[[ DATA RECORDS, beginning ]]

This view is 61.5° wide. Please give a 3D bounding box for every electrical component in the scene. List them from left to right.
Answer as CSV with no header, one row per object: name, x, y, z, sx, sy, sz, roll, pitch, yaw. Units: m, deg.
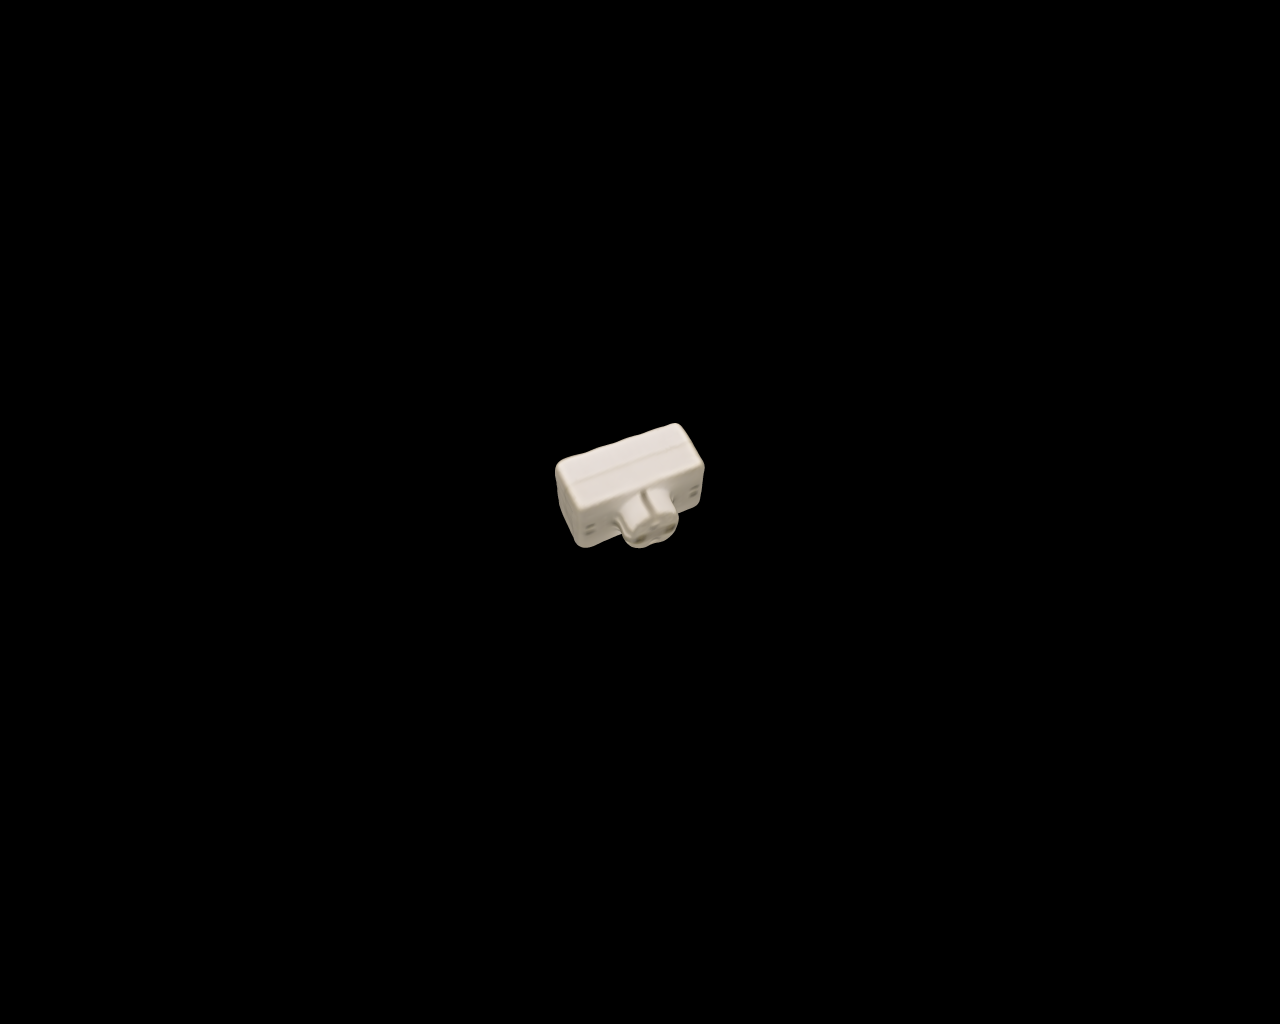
electrical component,0.001,-0.003,0.650,0.083,0.076,0.047,-20,-31,-13
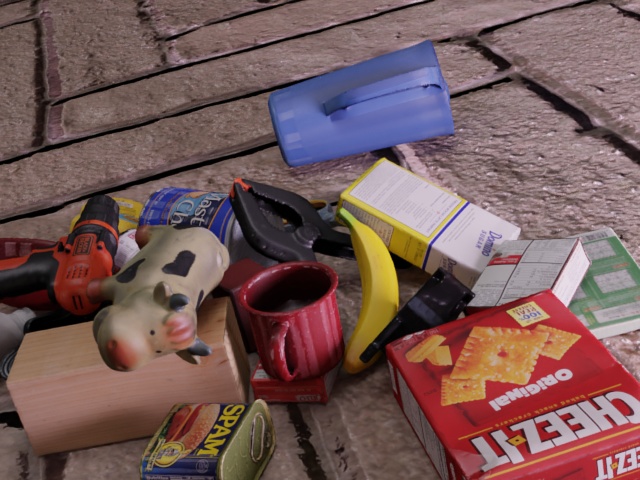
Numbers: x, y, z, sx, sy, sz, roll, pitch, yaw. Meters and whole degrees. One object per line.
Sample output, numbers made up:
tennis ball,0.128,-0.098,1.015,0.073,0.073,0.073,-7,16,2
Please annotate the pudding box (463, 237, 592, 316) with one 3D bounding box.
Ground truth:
pudding box,0.202,0.044,1.043,0.090,0.039,0.113,-2,37,39

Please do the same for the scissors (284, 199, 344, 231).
scissors,-0.007,-0.016,1.259,0.096,0.016,0.202,-26,17,-8

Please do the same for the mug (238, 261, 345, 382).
mug,-0.024,0.083,0.978,0.093,0.081,0.117,-5,28,12

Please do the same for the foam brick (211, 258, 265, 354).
foam brick,-0.075,0.067,1.104,0.051,0.078,0.053,-28,31,-24

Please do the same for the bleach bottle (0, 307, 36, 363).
bleach bottle,-0.392,0.145,1.116,0.103,0.068,0.250,10,33,36

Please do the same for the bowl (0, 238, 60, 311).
bowl,-0.333,0.043,1.251,0.162,0.055,0.162,9,12,-2

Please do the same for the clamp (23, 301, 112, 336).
clamp,-0.256,0.079,1.152,0.120,0.039,0.171,-1,4,-12

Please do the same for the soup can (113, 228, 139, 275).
soup can,-0.181,0.037,1.186,0.102,0.068,0.068,26,43,23

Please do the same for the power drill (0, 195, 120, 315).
power drill,-0.308,0.015,1.132,0.187,0.057,0.184,-7,33,3

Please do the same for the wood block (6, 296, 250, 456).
wood block,-0.178,0.129,1.019,0.206,0.091,0.090,-11,27,5

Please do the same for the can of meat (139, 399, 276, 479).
can of meat,-0.097,0.183,0.918,0.084,0.057,0.102,-4,28,23

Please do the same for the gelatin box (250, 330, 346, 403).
gelatin box,-0.020,0.121,1.029,0.073,0.030,0.089,-3,29,17

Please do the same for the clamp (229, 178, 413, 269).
clamp,-0.008,0.001,1.146,0.210,0.036,0.164,43,46,16

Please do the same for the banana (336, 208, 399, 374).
banana,0.048,0.057,1.074,0.069,0.037,0.198,13,47,-19

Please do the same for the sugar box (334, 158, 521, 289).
sugar box,0.114,-0.016,1.141,0.176,0.048,0.093,32,47,17

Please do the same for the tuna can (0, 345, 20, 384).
tuna can,-0.288,0.135,1.118,0.086,0.034,0.086,-10,27,5

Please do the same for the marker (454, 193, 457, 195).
marker,0.107,-0.046,1.301,0.121,0.020,0.020,-1,29,23

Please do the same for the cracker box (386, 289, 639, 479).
cracker box,0.164,0.136,0.873,0.164,0.072,0.214,-17,28,-7

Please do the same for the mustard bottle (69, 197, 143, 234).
mustard bottle,-0.251,-0.009,1.289,0.096,0.058,0.191,10,10,-7

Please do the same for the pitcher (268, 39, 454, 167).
pitcher,0.056,-0.182,1.458,0.243,0.149,0.145,-15,42,4

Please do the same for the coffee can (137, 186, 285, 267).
coffee can,-0.126,-0.006,1.238,0.141,0.103,0.102,8,34,35

[[ DATA RECORDS, end ]]

Look over the records above, and wherever a line contains the string "bounding", copy that line.

*OUTPUT FOR THIS TASK*
This view is 61.5° wide. Please give a 3D bounding box for every electrical component in the scene. List them from left to right.
Please annotate the pudding box (463, 237, 592, 316) with one 3D bounding box.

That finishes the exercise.